Malam ke tujuh. Rumah tampak lebih ramai dari biasanya. Selain tetangga, kerabat-kerabat lain pun datang. Aku hanya bisa melihat dari kejauhan. Tidak ada hal apapun yang menarik. Sampai Alvan datang menghampiri ku dan memberitahu jika ada salah satu temanku yang datang.


Tidak mungkin Rere karena setelah lulus SMK dia memilih melanjutkan kuliah di Aceh. Mengikuti perpindahan orang tuanya.


Aku mengerutkan kening memikirkan kira-kira siapa yang datang. Tetapi tidak juga aku temukan jawaban. Hingga aku menyerah dan memutuskan untuk menemuinya.


“Dimana? “ tanyaku beranjak.


“Di teras belakang. Karena teras depan buat bapak-bapak dan saudara yang datang.” jelas Alvan.


Aku mengangguk “ Iya nggak masalah. Makasih Alvan.”


Tanpa menunggu lagi, aku bergegas menuju teras belakang.


Deg.


Alden.


Aku tidak menyangka jika teman yang dimaksud Alvan adalah Alden. Cowok itu tersenyum dan melambaikan tangan. Sementara aku membalas senyumnya walau mungkin terlihat jelas guratan kebingungan.


Aku mengedarkan pandang dan ternyata dia tidak datang sendiri. Yang aku duga itu adalah teman Alden entah siapa.


Aku merasa hatiku masih bergetar. Sama seperti dulu.

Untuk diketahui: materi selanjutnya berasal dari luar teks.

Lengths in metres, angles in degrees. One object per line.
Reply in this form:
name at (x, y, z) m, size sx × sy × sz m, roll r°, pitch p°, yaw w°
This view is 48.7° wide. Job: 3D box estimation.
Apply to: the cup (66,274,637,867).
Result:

Tidak pernah berubah.


Aku mendekat. Melihat sekilas Alden yang masih tetap tampan seperti dulu.


“Hai,” sapa Alden.


Aku tersenyum “Ko bisa sampai sini? Gue kan nggak pernah kasih tau alamat rumah,” sebenarnya sedikit aneh menyebut kata gue untuk menggambarkan diri sendiri setelah sekian lama tidak pernah aku pakai karena larangan pesantren.

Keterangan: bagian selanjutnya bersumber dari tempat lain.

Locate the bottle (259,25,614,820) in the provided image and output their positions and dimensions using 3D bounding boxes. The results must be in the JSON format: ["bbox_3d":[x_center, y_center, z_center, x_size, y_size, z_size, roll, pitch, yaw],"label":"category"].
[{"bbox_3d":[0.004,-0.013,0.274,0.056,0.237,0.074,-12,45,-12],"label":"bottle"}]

“Gue hanya khawatir keadaanmu. Maaf soal dulu,”


Soal dulu. Perjanjian konyol yang Alden buat, aku menanggapinya dengan acuh dan berusaha melupakannya.


Setelah kejadian yang menimpa Naren, perasaan bersalah terus menghantui ku. Ada rasa kecewa terhadap diri sendiri dan perasaan sesal yang tiada tara.

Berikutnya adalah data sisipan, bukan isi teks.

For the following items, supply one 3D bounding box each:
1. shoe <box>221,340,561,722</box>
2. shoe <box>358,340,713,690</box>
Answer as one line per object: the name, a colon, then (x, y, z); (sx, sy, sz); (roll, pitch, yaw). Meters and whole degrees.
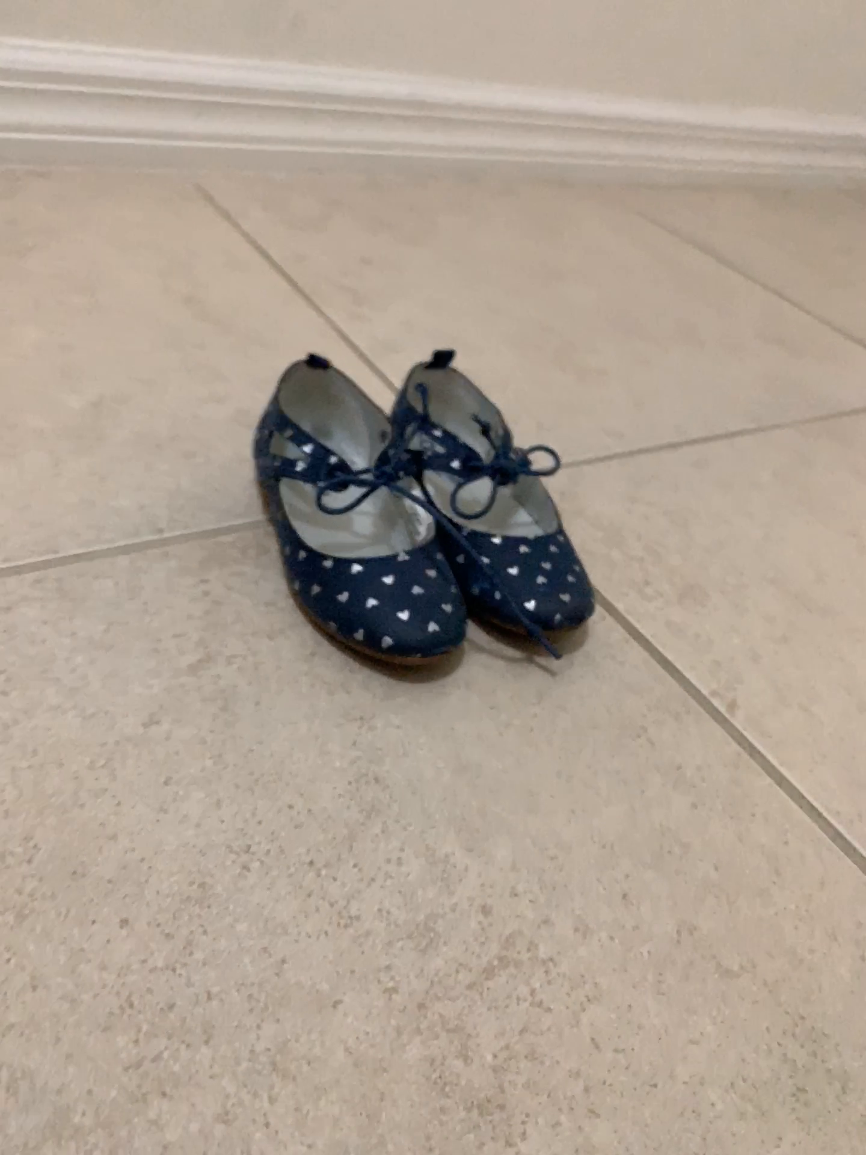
shoe: (-0.028, -0.031, 0.381); (0.071, 0.061, 0.172); (-9, 44, -27)
shoe: (0.035, -0.038, 0.411); (0.071, 0.061, 0.172); (-9, 44, -27)

Karena alasan itulah aku menutup rapat pintu hatiku. Menolak setiap cowok yang berusaha mendekatiku. Aku seolah enggan dan takut jika kejadian demikian akan kembali terulang.


Sebenarnya Kak Imelda selalu memberiku banyak wejangan dan dia selalu bilang jika apa yang terjadi dengan Naren bukan kesalahanku, tetapi semua yang aku dengar seolah menjadi angin lalu hingga terasa sangat sulit untuk aku percaya.